那是一個夏季陰天,天氣預報說有小雨,其實這樣的天,正適合我們刷樹枝,因爲起碼不用在烈日之下暴曬了。一大早,我接到了一個電話,是親戚的一個朋友吳義打過來的。

吳義是個苦命的人,自幼父母雙亡,十幾歲離家出走,原來在河北館陶縣煤炭公司上班,40歲上,才經人介紹,娶了一房妻室,老婆比他小十多歲,長得不錯,但有些弱智,正因爲他喫苦耐勞,善良脾氣好,岳父母才放心的把女兒交給了他。

他的老家,離我們村兒只有十多裏地,後來公司解體下了崗,他並沒有回來,而是在那裏帶着老婆,租了十幾畝地,平常撿個破爛兒,打個零工爲生,因爲他爬樹是一把好手,所以很多人都讓他修理樹枝。

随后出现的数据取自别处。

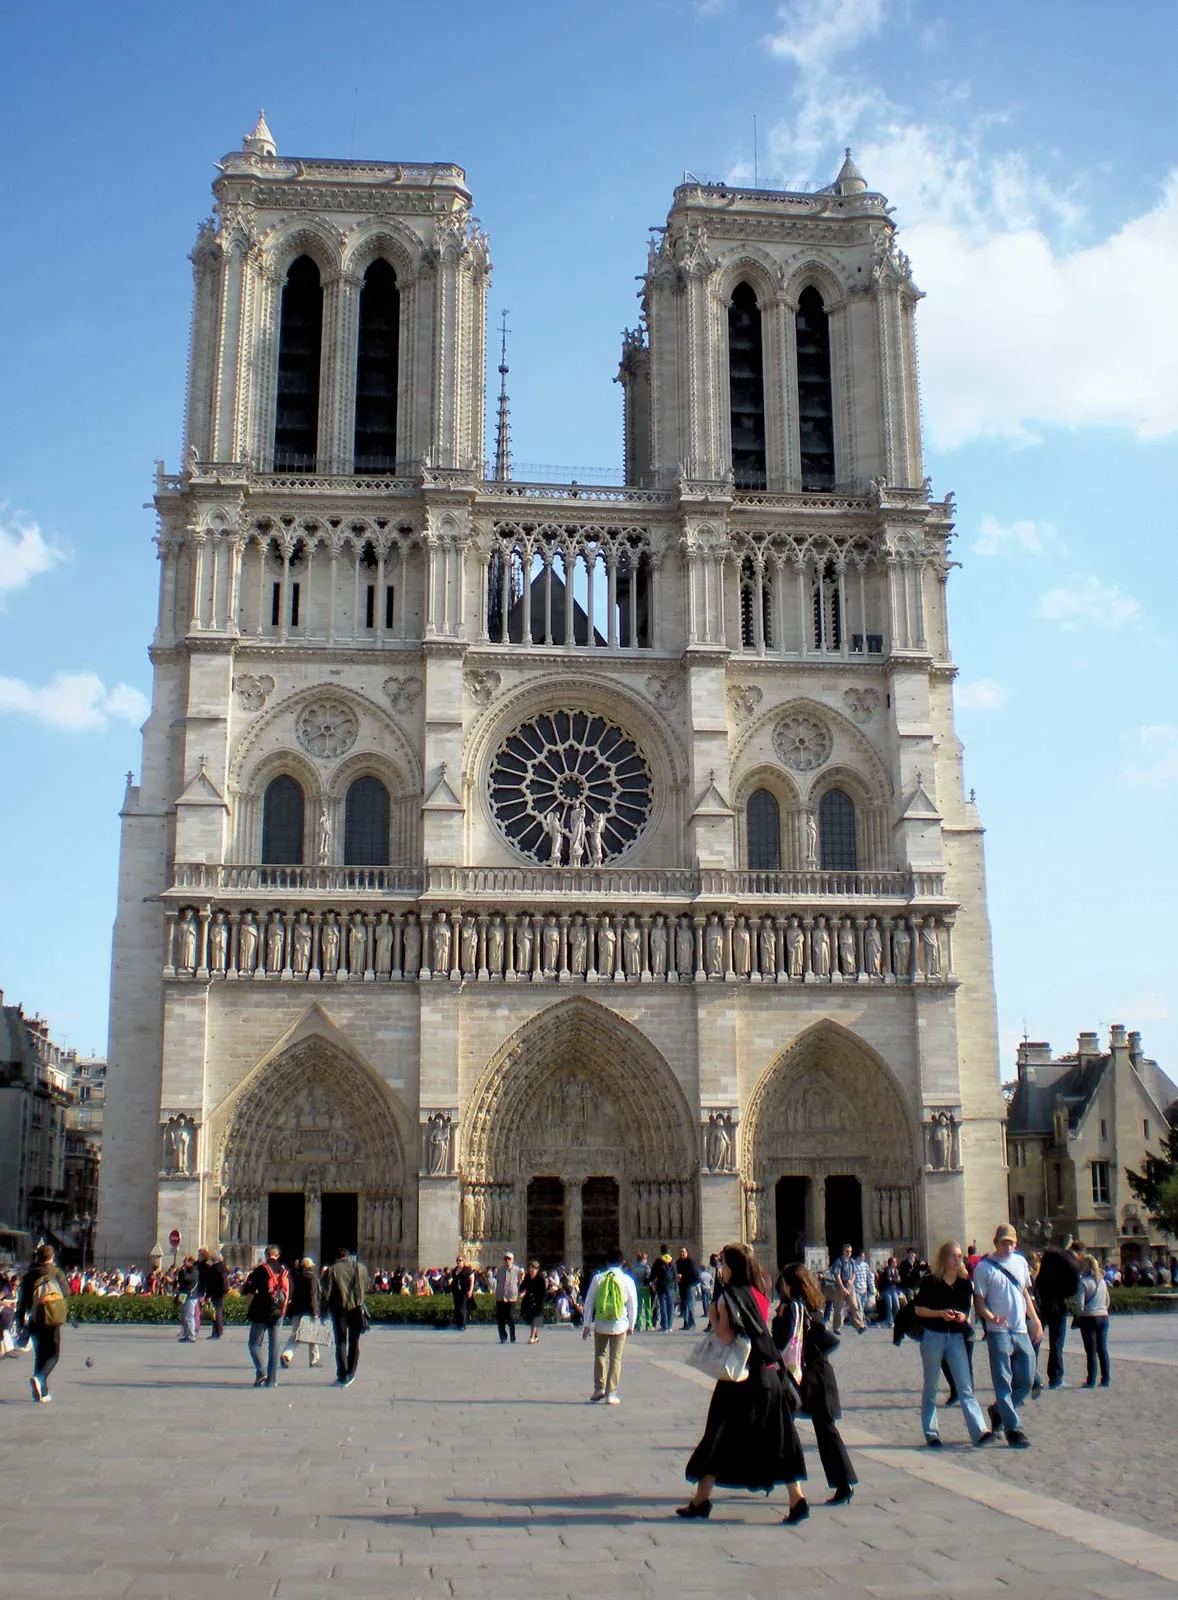Can you describe the architecture of this cathedral? Notre Dame Cathedral is a quintessential example of French Gothic architecture. Its facade is marked by two colossal towers, each reaching around 69 meters in height. The central rose window, a stunning piece of medieval stained glass, is flanked by elaborate stone carvings and statues of saints. The three portals at the entrance are adorned with intricate sculptures depicting biblical scenes. The cathedral’s flying buttresses are a remarkable feature, providing both structural support and aesthetic charm. Inside, the vaulted ceilings, ribbed pillars, and a series of smaller stained glass windows add to the immense beauty and religious symbolism of the structure. What can we see within the intricate details of the rose window? The rose window of Notre Dame Cathedral is a masterpiece of Gothic art. It depicts scenes from the Last Judgment and various saints, apostles, and biblical tales. The vivid stained glass pieces are arranged in a circular form, creating a mesmerizing kaleidoscope of colors. At the center, Christ is often depicted in glory, surrounded by angelic figures. Each section of the window tells a story, serving both as a religious narrative and as an educational tool for the medieval illiterate population. The window’s intricate tracery and vibrant hues are a testament to the craftsmanship and artistic vision of the medieval artisans. 
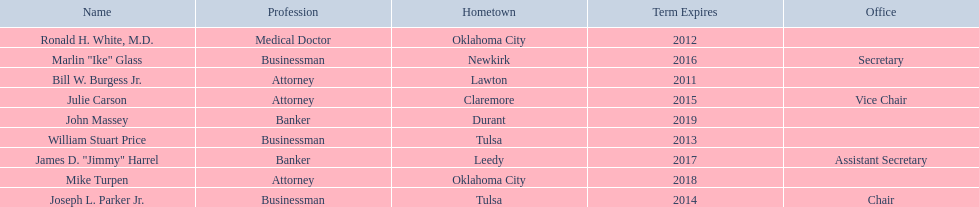Which regents are from tulsa? William Stuart Price, Joseph L. Parker Jr. Which of these is not joseph parker, jr.? William Stuart Price.

他修樹枝,是不要工錢的,只是要修下來的樹枝,所以一年四季都有活,後來包括大道邊兒,綠化帶上的樹,都讓他去修,慢慢他就成了專業的修樹枝了,因此每個月都要賣兩大車樹枝,收入也相當可觀。

原來都有人定期去拉,而且價格不貴,一毛一斤,後來親戚把我介紹給他,他一聽說是老鄉,而且價格還貴二分,當然心裏非常高興,所以沒有幾天,就給我來了電話。當然,這樣的買賣,既省工又省事,不用刷葉子,我當然不會放過的。

我把家裏的幾輛車安排好,帶了些小米紅薯之類的土特產,一個人開着車就出發了,因爲原先經常去河北館陶縣,所以輕車熟路,很快過了七一大橋,按照電話上說的地址,在南環路往南沒多遠兒的路口,見到了正在接我的吳義。

吳義四十多歲年紀,既不高也不胖,有些駝背,飽經滄桑的臉上,刻出一道道的溝痕,兩個眼睛不大,卻爍爍有神,透露出幹練與智慧,有一種男人的成熟和穩重。

他上了我的車,我們往東下了大道,有三四里遠的土路,路很窄,只有三米多寬,兩旁都是莊稼地,大部分都是棉花地,偶爾有一塊兒麥田,已經快到了成熟的季節。

路面兒是中間高,兩邊兒低,倒也平整,只是有機井的地方,有兩處窪坑,雖然沒有了水,但看得出軋的一道道很深的車輪痕跡,也許是澆莊稼地的時候漏水,過重車軋的吧。